The assembly entries in the methods table will be defaulted to the following values:

method_type: DBLoadingUtils.MethodTYpe.ASSEMBLY_HAPLOTYPES
name: mummer4
description: the mummer script parameters used with this version of PHG ( same as genotypes:line_data

An example Docker script that would call this shell script is below. Note: you need to change the mounted user directories to match your own directory configuration. The docker directories (right side of the count pair beginning with "tempFileDir" need to remain as shown here. The file names, e.g. "config.txt" should match the names of your files.

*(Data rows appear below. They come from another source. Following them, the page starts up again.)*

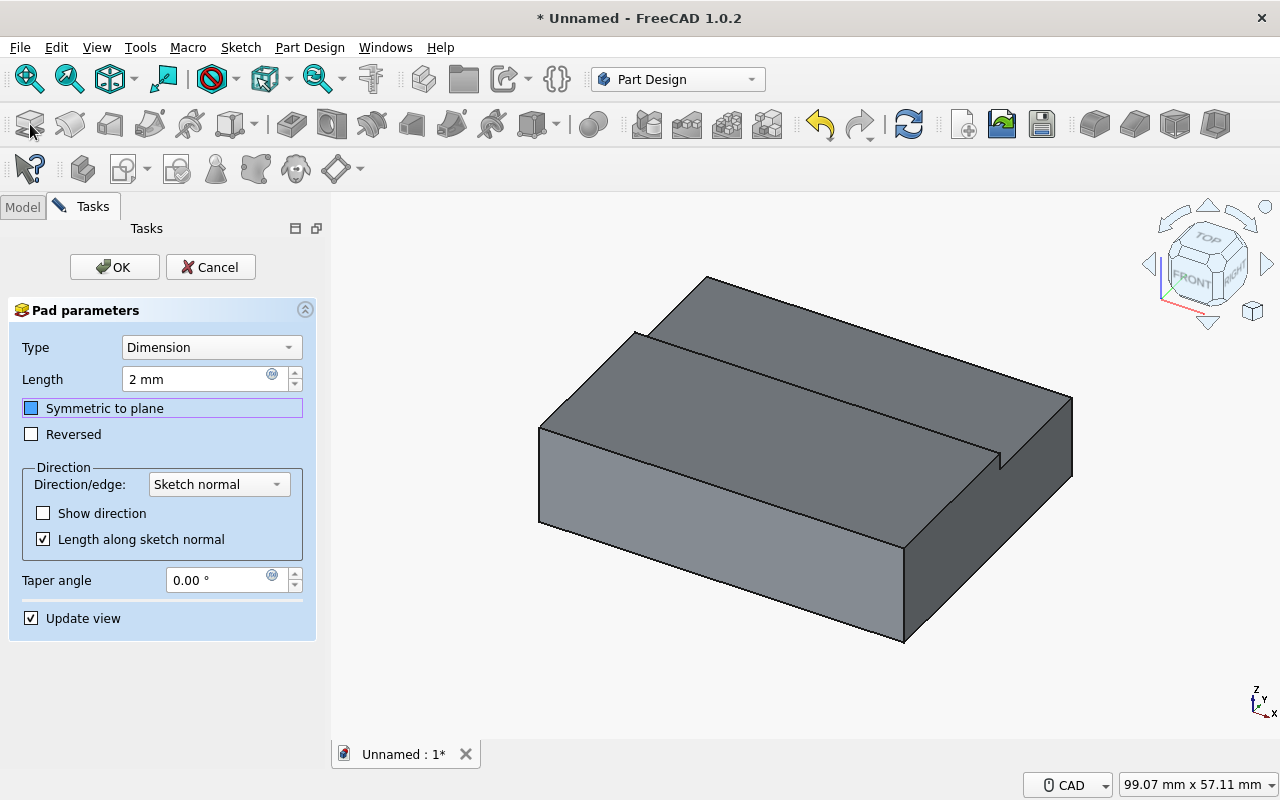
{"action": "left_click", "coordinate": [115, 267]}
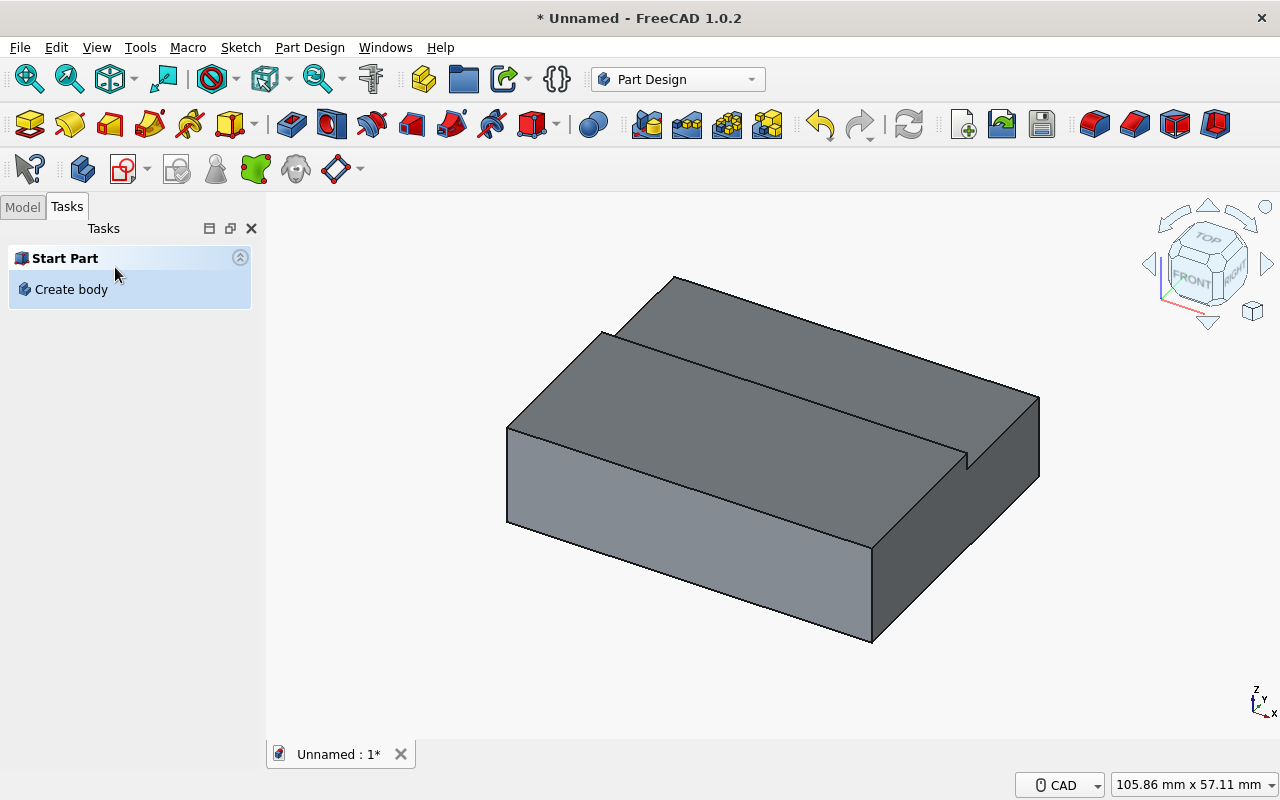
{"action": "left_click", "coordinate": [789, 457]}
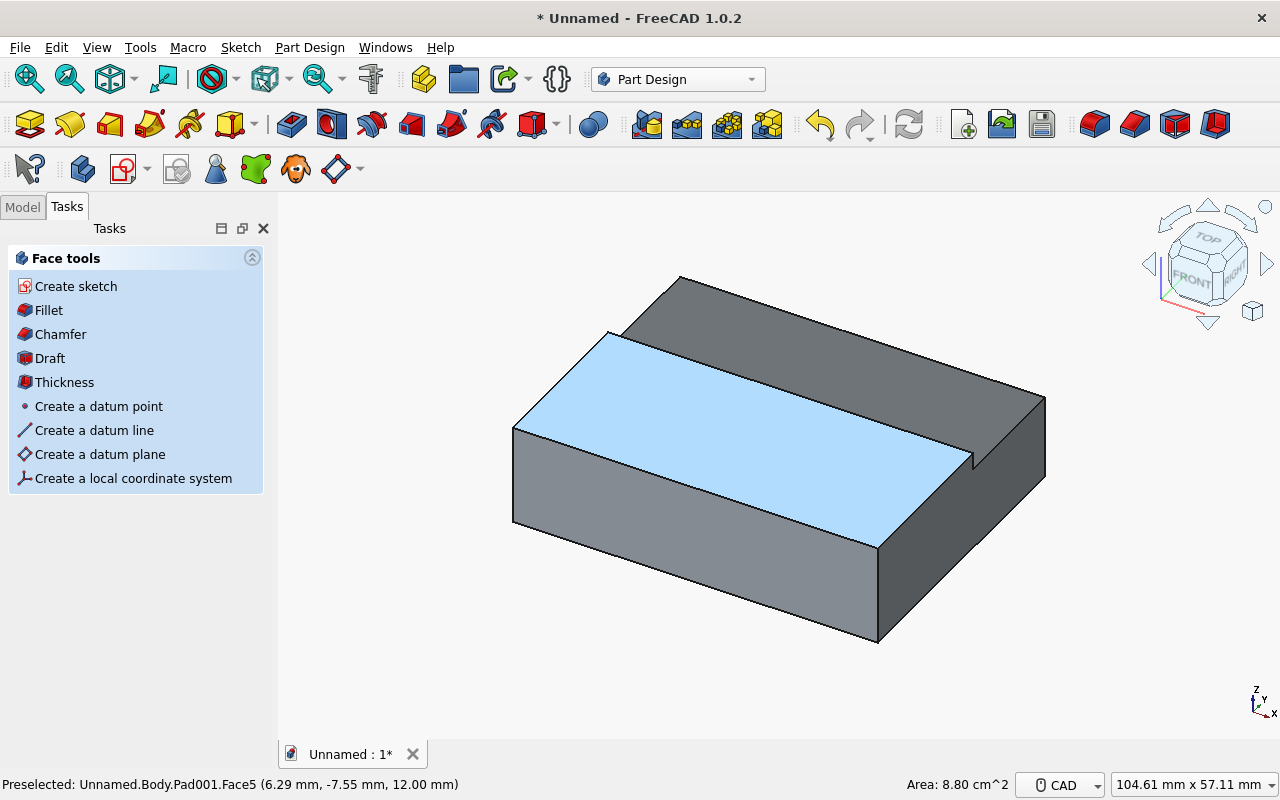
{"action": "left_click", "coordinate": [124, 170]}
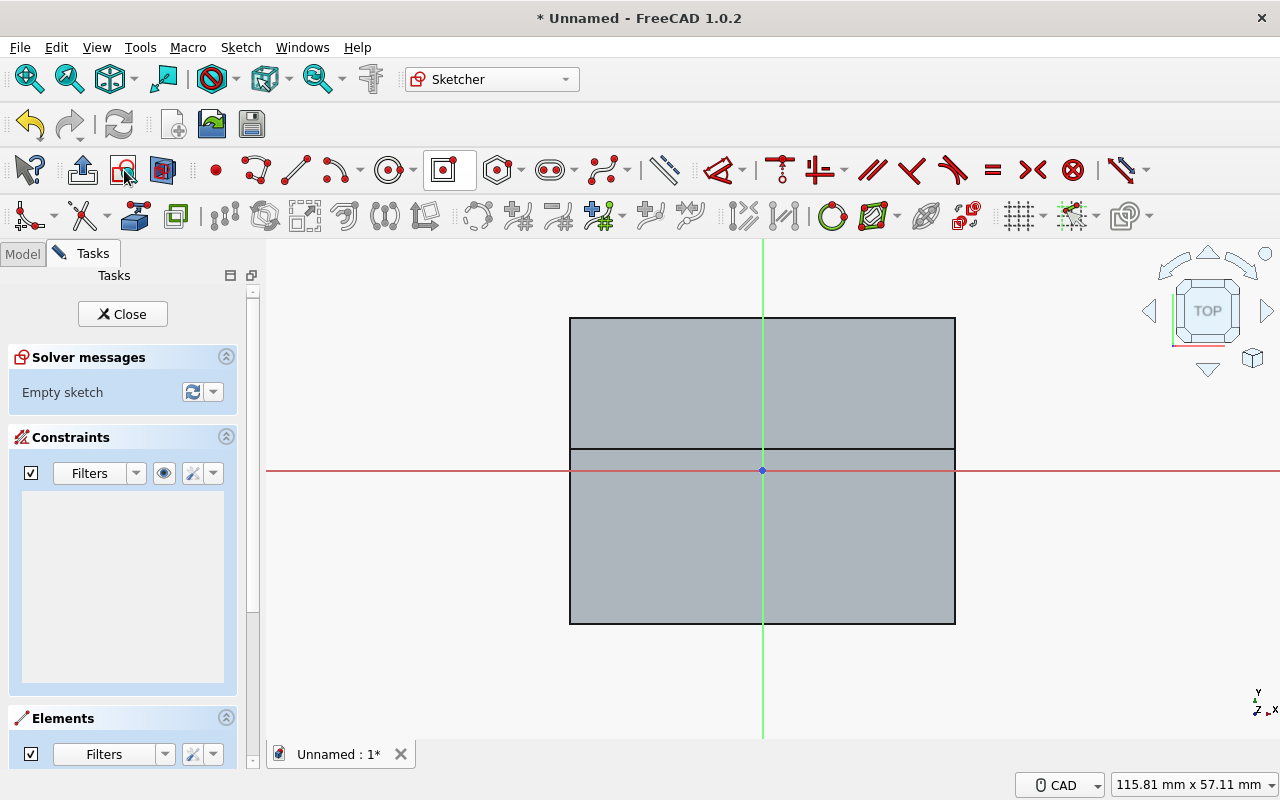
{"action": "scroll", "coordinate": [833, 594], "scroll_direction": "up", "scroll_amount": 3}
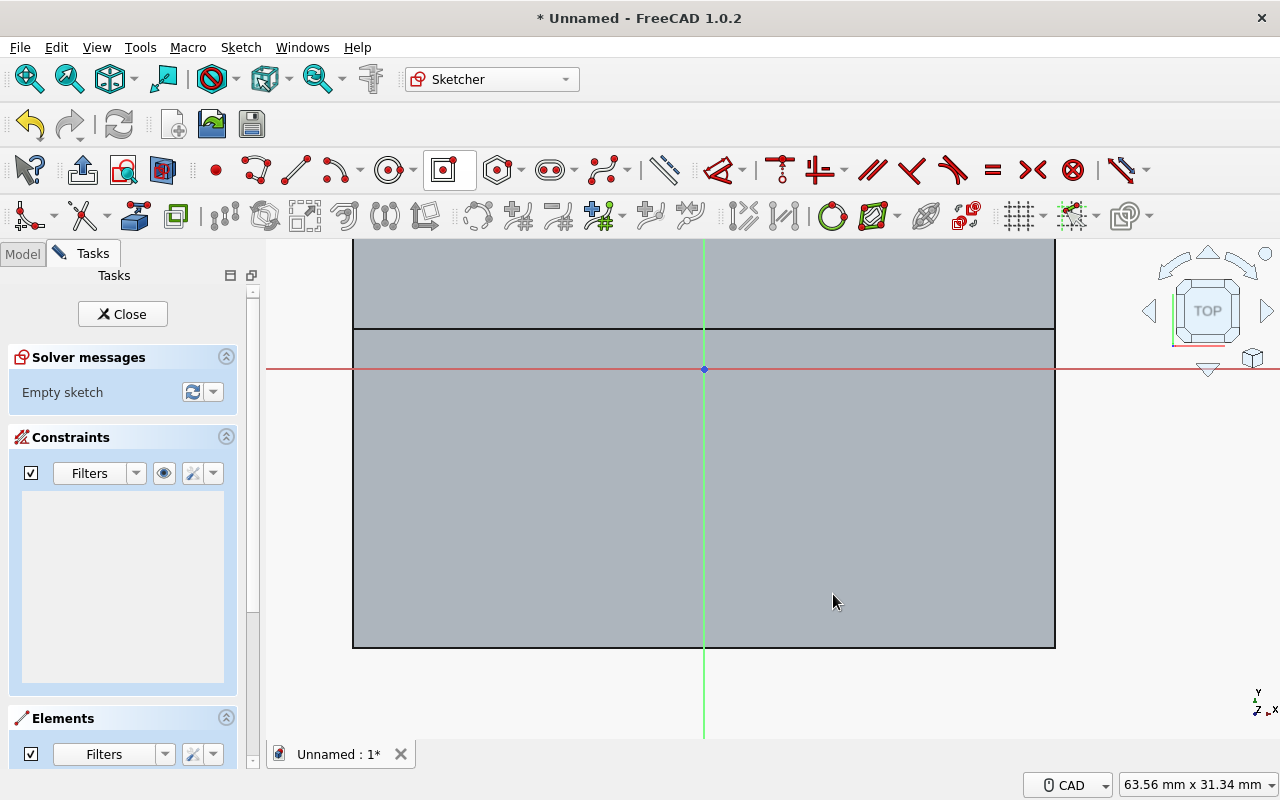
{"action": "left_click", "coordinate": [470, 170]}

This example runs through all 10 chromosomes for a particular assembly. In this example, the assembly files are broken into fasta files name ph207chr1.fasta, ph297chr2.fasta, etc. The reference fastas are broken by chromosome and are named b73chr1.fasta, b73chr2.fasta, etc. You need to change those names to match your fasta file names.

#!python

#!/bin/bash
chromList=(1 2 3 4 5 6 7 8 9 10)

for chrom in "${chromList[@]}"
do

echo "Starting chrom ${chrom} "

docker run --name phg_assembly_container_chr${chrom} --rm \
        -v /workdir/lcj34/mummer4_testing/output:/tempFileDir/outputDir/ \
        -v /workdir/lcj34/mummer4_testing/data:/tempFileDir/data/ \
        -v /workdir/lcj34/mummer4_testing/refFastas/:/tempFileDir/data/reference/ \
        -v /workdir/lcj34/mummer4_testing/assemblyFastas/:/tempFileDir/data/assemblyFasta/ \
        -v /workdir/lcj34/mummer4_testing/mummer_from_shellDocker/:/tempFileDir/outputDir/align/ \
        -t phgrepository_test:latest \
        /LoadAssemblyAnchors.sh configSQLite_docker.txt \
                b73chr${chrom}.fasta \
                ph207chr${chrom}.fasta \
                PH207_Assembly \
                ${chrom} \
                250


echo "Finished chrom  ${chrom} "
done

Note: use docker1 if running on cbsu.

The --name parameter provides a name for the container. This is optional.

The --rm parameter indicates the container should be deleted when the program finishes executing. This is optional.

The -v directives are used to mount data from the user machine into the Docker. The path preceding the ":" is the path on the user machine. The directory path following the ":" are the paths inside the Docker where the user home directories will be mounted.

The "-t" directive indicates the Docker image of which this container will be an instance. The last line tells the Docker container to run the LoadAssemblyAnchors.sh script which is found in the root directory. The items following are the parameters to the LoadAssemblyAnchors.sh script.